A fourth strength was development of two vaccine formulations, frozen and lyophilised.
- но и ожидаемо отмечают недостатки на этой фазе конкретных имеющихся исследований:
Some limitations of the studies by Logunov and colleagues are notable. In the study of the frozen vaccine formulation, the population included young military personnel. Soldiers are likely to be fitter and healthier than the general population. Moreover, in older adults, immune senescence might make vaccines less immunogenic, and this age group was absent from this study. Sex imbalance occurred in the study arms because there was no random allocation.
A control arm was conspicuously absent. Two participants were of Asian descent, with the rest of the participants of white European ethnic origin. Clearly, much more remains to be learned from the phase 3 randomised trial planned to include 40 000 civilian volunteers and, hopefully, broadly inclusive of groups at risk.
This COVID-19 vaccine candidate from Russia joins two other adenovirus-vectored COVID-19 vaccine candidates, which have been reported in randomised trials in The Lancet, and an mRNA vaccine candidate reported in a non-randomised trial. Similar to these studies before it, Logunov and colleagues’ studies are encouraging but small.
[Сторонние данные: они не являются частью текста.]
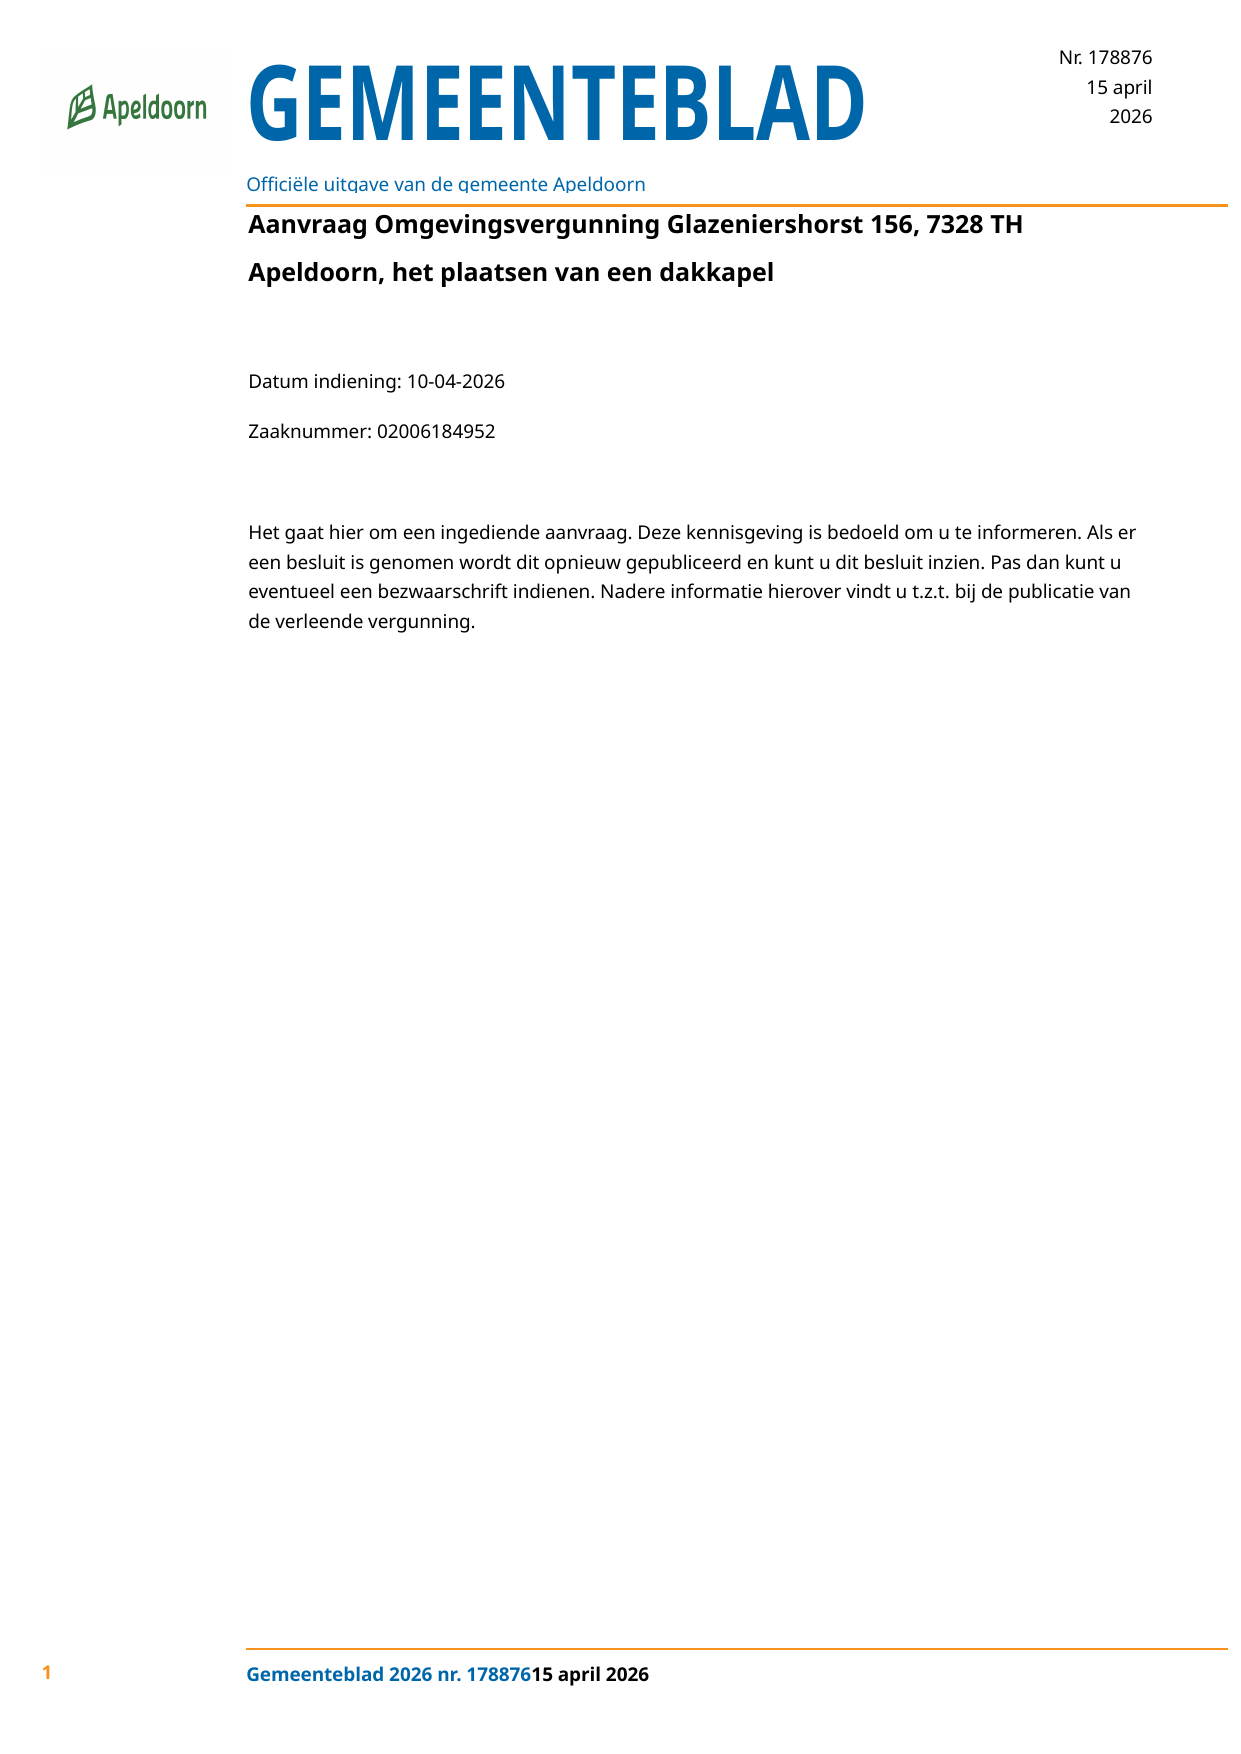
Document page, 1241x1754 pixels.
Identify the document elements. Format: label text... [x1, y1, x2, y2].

The immunogenicity bodes well, although nothing can be inferred on immunogenicity in older age groups, and clinical efficacy for any COVID-19 vaccine has not yet been shown.
Showing safety will be crucial with COVID-19 vaccines, not only for vaccine acceptance but also for trust in vaccination broadly.6
Safety outcomes up to now are reassuring, but studies to date are too small to address less common or rare serious adverse events. Unlike clinical trials of therapeutics, in which safety is balanced against benefit in patients, vaccine trials have to balance safety against infection risk, not against disease outcome. Since vaccines are given to healthy people and, during the COVID-19 pandemic, potentially to everyone after approval following phase 3 trials, safety is paramount.
Licensure in most settings should depend on proven short-term and long-term efficacy against disease (not just immunogenicity) and more complete safety data, including rates of vaccine failure to prevent infection (not merely disease) and rates of occurrence of antibody-dependent enhanced disease, ideally from very large scale, flexible multivaccine trials with prolonged, blinded safety and efficacy follow-up.
Safety assurance will then require further large-scale surveillance after licensure.
Важный неочевидный момент отмечают:
Surveillance will also be vital for showing transmission reduction, which is unlikely to come from phase 3 trials since these are powered to detect COVID-19 disease outcomes and not asymptomatic SARS-CoV-2 infection.
To be sure, most past vaccines were designed to target disease and not infection as such, but with COVID-19, the general public could be expecting striking reductions in disease transmission after widespread vaccine introduction.
Such effects would be very welcome if they occur, but they are far from certain. A vaccine that reduces disease but does not prevent infection might paradoxically make things worse. It could falsely reassure recipients of personal invulnerability, thus reducing transmission-mitigating behaviours.